Pardonner: le coeur et la repentance
http://www.antiochian.org/book/export/html/9478



Donner tout son sens au Carême
par l'archiprêtre George Morelli, Ph.D.

".. Si vous ne pardonnez pas aux hommes leurs offenses, de même le Père ne vous pardonnera pas vos offenses" (Mt. 6,14)

"En général, les psychologues ne sont pas connus pour soutenir des valeurs telles que le pardon et l'honnêteté (1). S'il y a bien quelque chose que les psychologues soutiennent de nos jours, c'est ce qu'on pourrait appeler le post-modernisme ou le relativisme moral." Engelhardt (1996). Ce soit-disant "système éthique" maintient que les comportements ne sont pas objectivement bons ou mauvais. L'aspect juste ou mauvais des actions humaines dépendrait d'un point de vue spécifique, culture, sous-culture, ou ère historique. La seule valeur semblerait être : estimer les valeurs des autres tant que les actions des autres n'empiètent pas sur les droits d'autrui. (Morelli, 2005a)

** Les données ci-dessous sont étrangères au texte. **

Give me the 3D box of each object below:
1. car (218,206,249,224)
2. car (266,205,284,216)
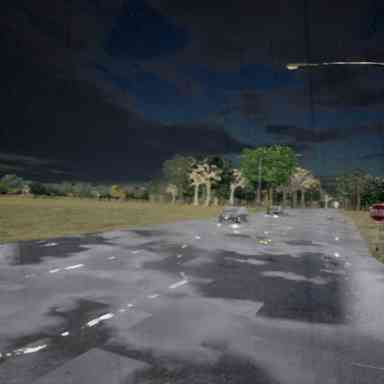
[{"bbox_3d":[3.923,2.047,30.766,1.837,1.490,4.892,3,0,24],"label":"car"},{"bbox_3d":[12.514,2.712,49.673,2.033,1.411,5.357,3,-1,25],"label":"car"}]
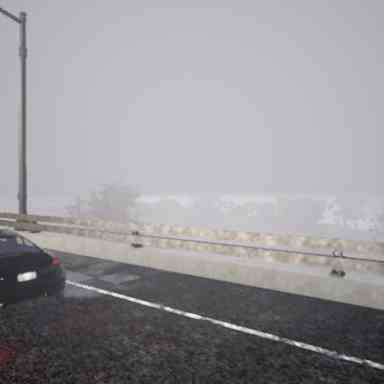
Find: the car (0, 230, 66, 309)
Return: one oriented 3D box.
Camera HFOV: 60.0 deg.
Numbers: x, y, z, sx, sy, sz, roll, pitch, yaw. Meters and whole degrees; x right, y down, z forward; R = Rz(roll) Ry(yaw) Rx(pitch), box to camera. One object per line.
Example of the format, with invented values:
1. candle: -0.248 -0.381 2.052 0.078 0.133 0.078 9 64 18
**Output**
1. car: -4.705 1.544 7.386 4.181 1.385 1.994 0 0 36
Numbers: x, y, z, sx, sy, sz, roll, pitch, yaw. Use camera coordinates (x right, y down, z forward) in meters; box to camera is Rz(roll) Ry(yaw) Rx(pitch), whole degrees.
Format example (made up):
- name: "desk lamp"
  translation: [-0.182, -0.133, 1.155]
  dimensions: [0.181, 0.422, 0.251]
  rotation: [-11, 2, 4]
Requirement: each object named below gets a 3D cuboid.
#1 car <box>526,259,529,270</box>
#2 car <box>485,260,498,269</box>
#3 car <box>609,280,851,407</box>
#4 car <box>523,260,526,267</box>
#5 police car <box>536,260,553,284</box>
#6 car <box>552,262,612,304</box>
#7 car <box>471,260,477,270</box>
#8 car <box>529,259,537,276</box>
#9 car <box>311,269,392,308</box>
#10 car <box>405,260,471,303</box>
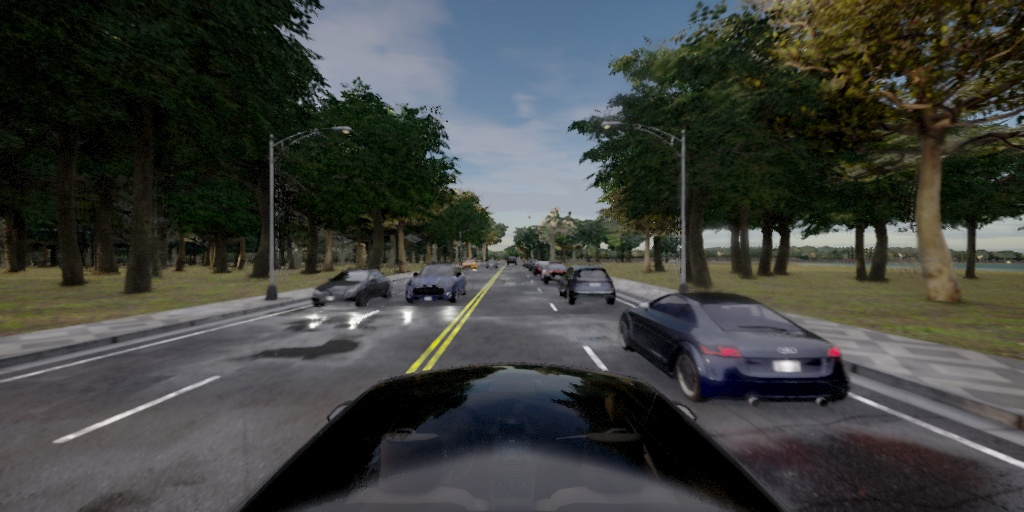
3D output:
- name: "car"
  translation: [3.251, 1.326, 49.292]
  dimensions: [1.837, 1.490, 4.892]
  rotation: [0, 0, 0]
- name: "car"
  translation: [-3.288, 1.344, 59.218]
  dimensions: [2.128, 1.511, 4.902]
  rotation: [0, 0, 1]
- name: "car"
  translation: [3.348, 1.315, 6.370]
  dimensions: [1.994, 1.385, 4.181]
  rotation: [0, 0, 0]
- name: "car"
  translation: [3.252, 1.359, 60.293]
  dimensions: [1.837, 1.490, 4.892]
  rotation: [0, 0, 0]
- name: "police car"
  translation: [3.250, 1.277, 27.291]
  dimensions: [2.038, 1.542, 4.974]
  rotation: [0, 0, 0]
- name: "car"
  translation: [3.250, 1.189, 16.291]
  dimensions: [2.033, 1.649, 4.856]
  rotation: [0, 0, 0]
- name: "car"
  translation: [-6.555, 1.321, 56.403]
  dimensions: [1.882, 1.535, 5.008]
  rotation: [0, 0, 0]
- name: "car"
  translation: [3.251, 1.298, 38.321]
  dimensions: [2.163, 1.488, 4.792]
  rotation: [0, 0, 0]
- name: "car"
  translation: [-6.599, 1.282, 15.349]
  dimensions: [1.812, 1.442, 4.674]
  rotation: [0, 0, 0]
- name: "car"
  translation: [-3.348, 1.110, 16.548]
  dimensions: [2.097, 1.767, 4.553]
  rotation: [0, 0, 0]

Le thème qui porte la Période du Grand Carême dans l'Église d'Orient est diamétralement opposé à cette tendance. Il suppose une "vérité vraie." Il alimente une question : non pas qu'est-ce que la vérité, mais qui est la vérité? La réponse est : notre Seigneur, Dieu et Sauveur, Jésus-Christ. Jésus dit à Ses disciples :

"Je suis le Chemin, et la Vérité, et la Vie; nul ne vient au Père sans passer par Moi." (Jn 14,6).

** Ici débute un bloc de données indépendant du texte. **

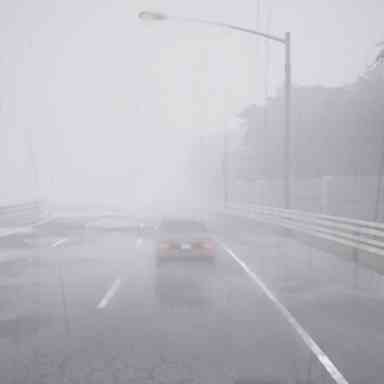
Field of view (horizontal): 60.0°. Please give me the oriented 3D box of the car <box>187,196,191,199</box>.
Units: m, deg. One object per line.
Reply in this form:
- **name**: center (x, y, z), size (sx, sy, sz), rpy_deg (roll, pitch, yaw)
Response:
- **car**: center (-1.048, 1.416, 89.850), size (1.812, 1.442, 4.674), rpy_deg (0, 0, 39)

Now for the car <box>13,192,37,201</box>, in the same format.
- **car**: center (-39.524, 1.030, 78.616), size (5.566, 2.045, 2.150), rpy_deg (0, 0, 43)

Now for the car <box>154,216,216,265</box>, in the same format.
- **car**: center (-0.347, 1.533, 11.563), size (2.033, 1.411, 5.357), rpy_deg (0, 0, -4)

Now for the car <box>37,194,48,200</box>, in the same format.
- **car**: center (-37.034, 1.281, 81.075), size (5.008, 1.535, 1.882), rpy_deg (0, 0, 43)
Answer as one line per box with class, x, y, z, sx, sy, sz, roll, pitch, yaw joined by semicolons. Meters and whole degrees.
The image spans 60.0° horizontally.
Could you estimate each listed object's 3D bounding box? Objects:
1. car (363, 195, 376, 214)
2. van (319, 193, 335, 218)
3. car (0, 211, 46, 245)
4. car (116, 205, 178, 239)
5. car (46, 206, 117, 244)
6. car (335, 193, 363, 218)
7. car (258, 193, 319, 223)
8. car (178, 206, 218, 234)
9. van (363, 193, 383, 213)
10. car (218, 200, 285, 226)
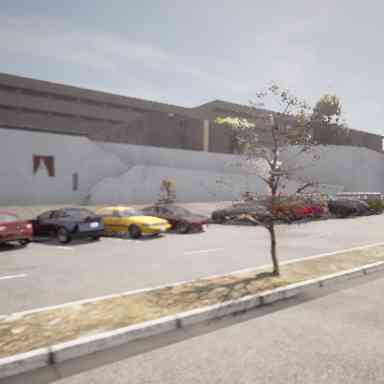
car;13.280;1.308;29.743;4.892;1.521;2.231;-1;0;35
van;8.513;1.142;26.225;4.442;1.987;1.878;-1;-1;35
car;-8.598;1.532;14.157;4.674;1.452;2.002;-1;0;35
car;-3.580;1.474;17.527;5.366;1.575;1.946;-1;-1;35
car;-6.195;1.520;15.908;4.792;1.488;2.163;-1;-1;35
car;10.869;1.087;28.006;5.566;2.045;2.435;-1;-1;35
car;5.956;1.148;24.569;5.566;2.045;2.435;-1;0;35
car;-1.280;1.495;19.343;4.792;1.488;2.163;-1;-1;35
van;15.604;1.053;31.543;4.442;1.987;1.878;-1;0;35
car;3.558;1.464;22.819;4.674;1.452;2.002;-1;0;35
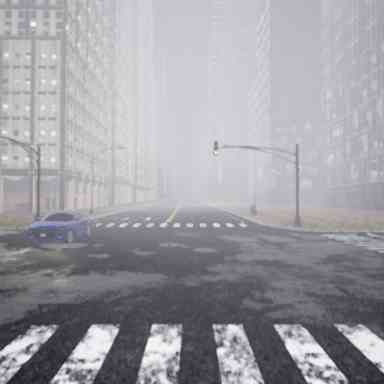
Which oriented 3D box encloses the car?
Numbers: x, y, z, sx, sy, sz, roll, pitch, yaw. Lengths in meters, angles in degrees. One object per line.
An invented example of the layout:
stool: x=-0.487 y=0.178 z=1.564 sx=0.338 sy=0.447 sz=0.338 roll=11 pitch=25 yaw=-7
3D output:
car: x=-6.706 y=1.717 z=17.332 sx=1.882 sy=1.535 sz=5.008 roll=0 pitch=-2 yaw=-1

"Dieu est Esprit, et il faut que les adorateurs L'adorent en esprit et en vérité" (Jn. 4,24). En vérité signifie en pureté de coeur. Au Sermon sur la Montagne, notre Seigneur a dit : "Bienheureux les coeurs purs, car ils verront Dieu" (Mt 5,8). '..ceux qui écoutent la parole en d'excellentes dispositions, s'en pénètrent et portent du fruit par la persévérance" (Lc 8,15).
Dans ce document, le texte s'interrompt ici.